*PROBLEM TO WORK ON*: Although the records contain pictures, none belong in the copy: restate word for word only the lines from the one with "This screenshot has width=953, height=1232." through the one with "This screenshot has height=1232, width=953.", both included.

*RECORDS FOR THE EXERCISE*:
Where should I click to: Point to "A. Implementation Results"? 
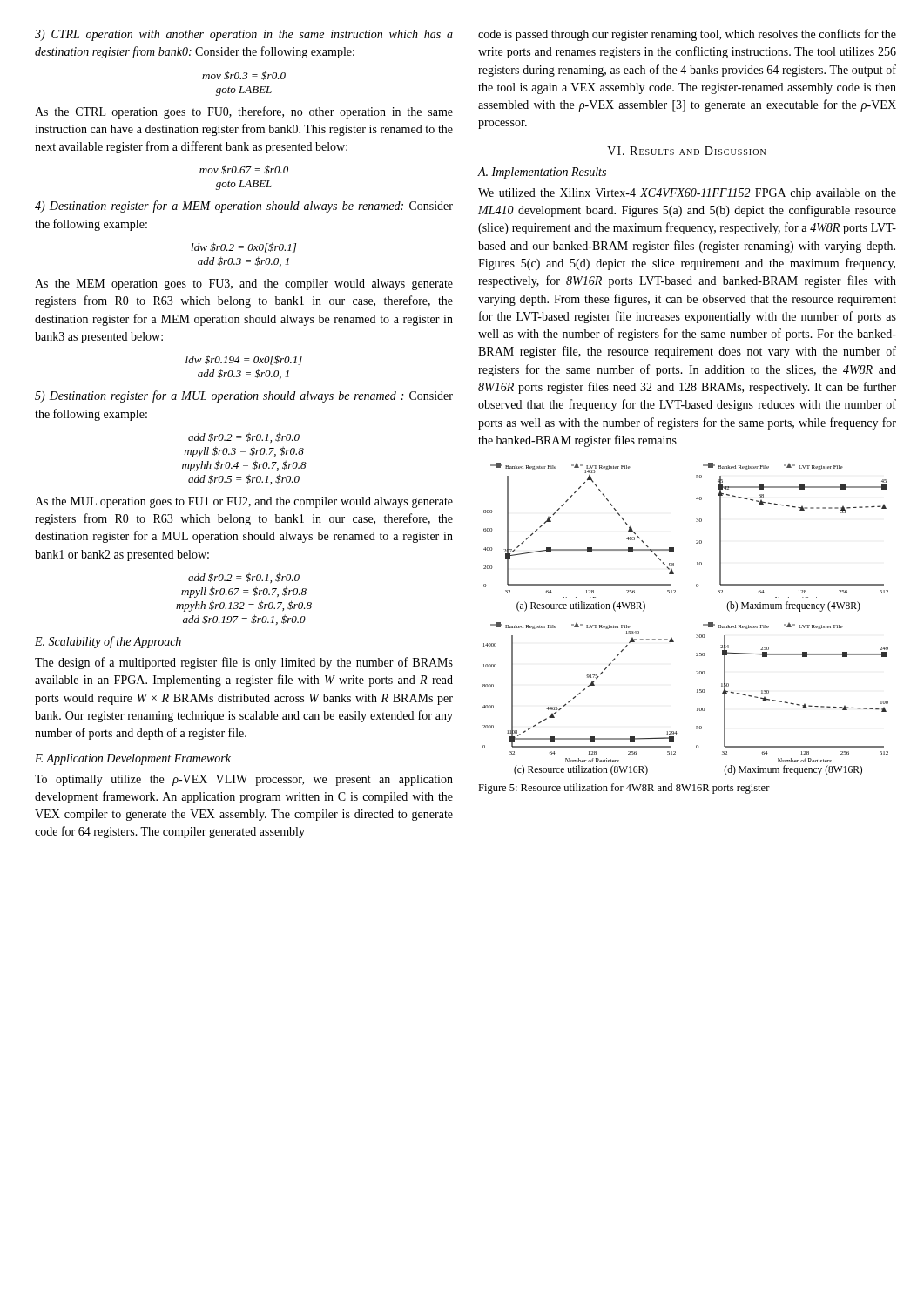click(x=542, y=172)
--
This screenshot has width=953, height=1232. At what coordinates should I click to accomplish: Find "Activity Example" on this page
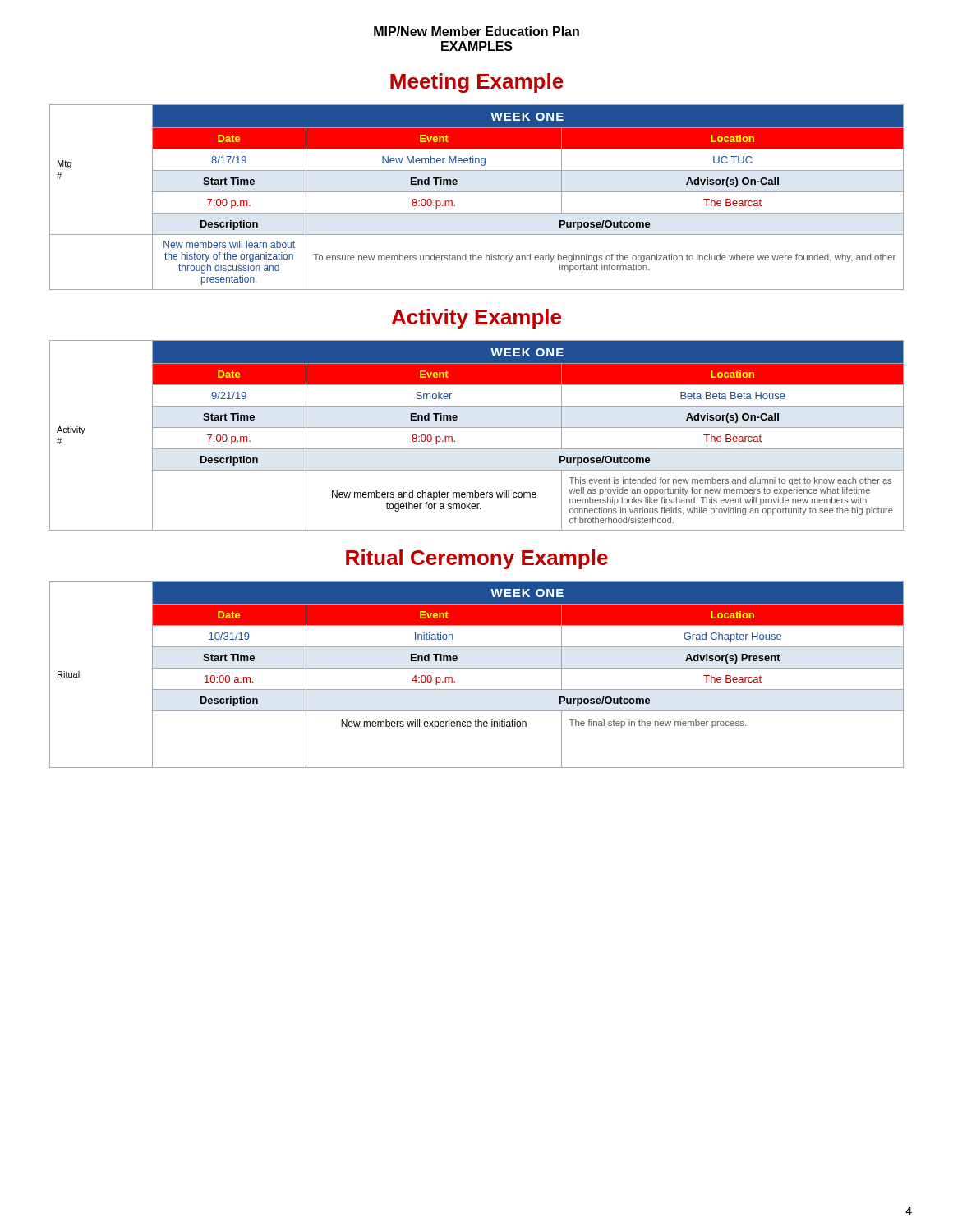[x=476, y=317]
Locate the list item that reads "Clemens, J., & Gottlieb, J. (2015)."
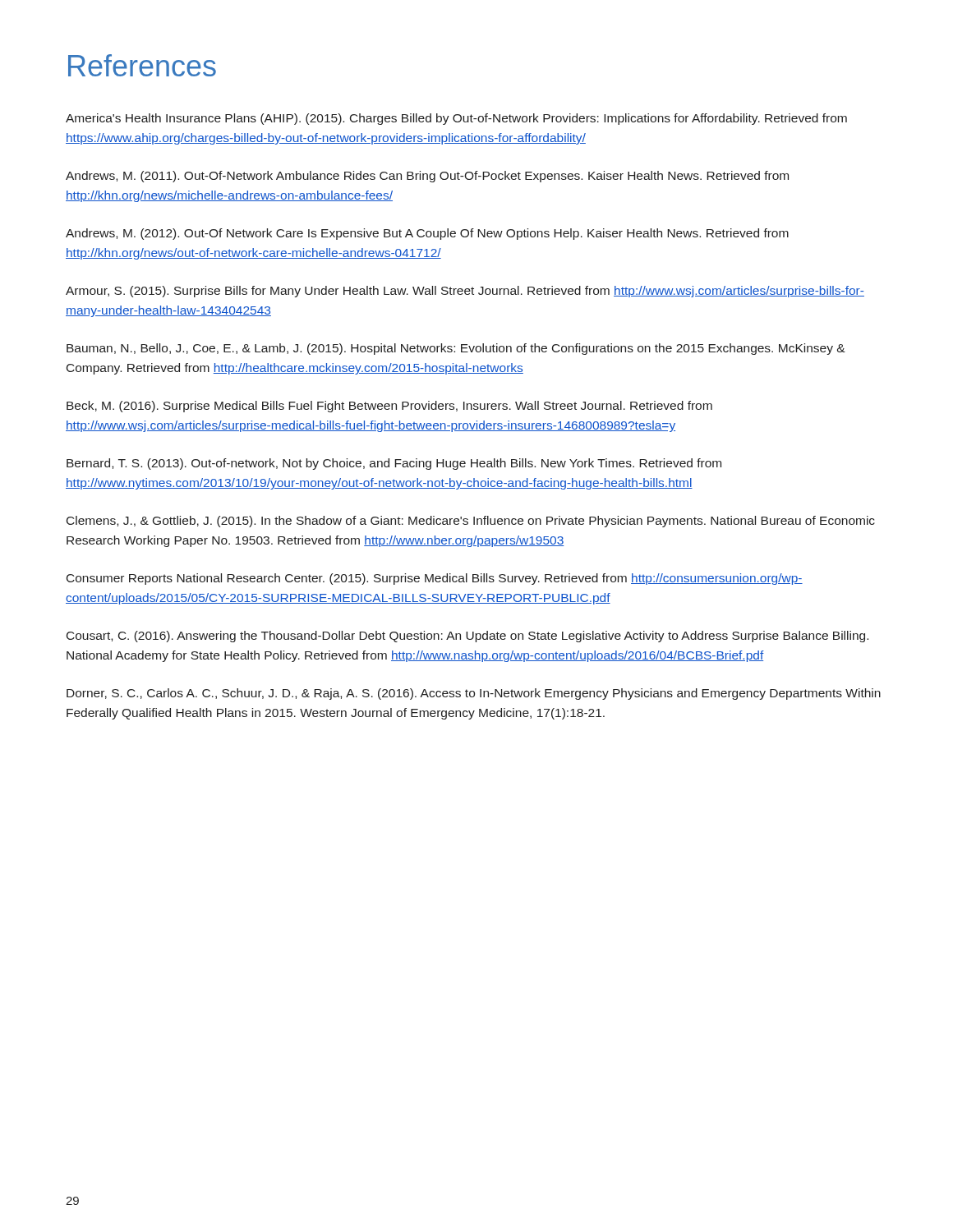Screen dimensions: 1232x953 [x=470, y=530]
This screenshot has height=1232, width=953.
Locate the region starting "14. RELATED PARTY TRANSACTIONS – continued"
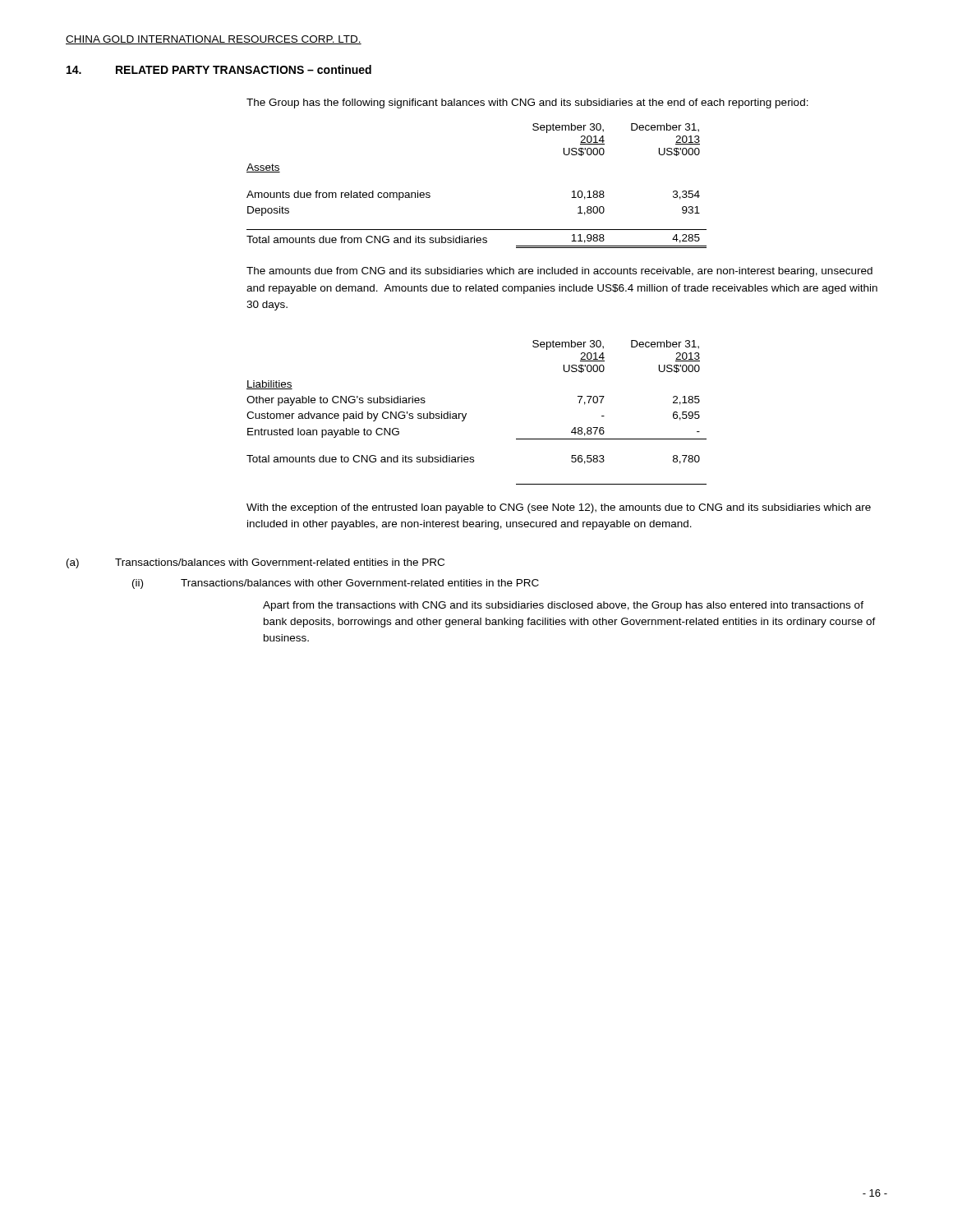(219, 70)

*THE ANSWER*:
This screenshot has width=953, height=1232. At what coordinates should I click to accomplish: Find "Activity Example" on this page
[x=476, y=317]
Locate the list item that reads "Clemens, J., & Gottlieb, J. (2015)."
Screen dimensions: 1232x953 [x=470, y=530]
This screenshot has height=1232, width=953.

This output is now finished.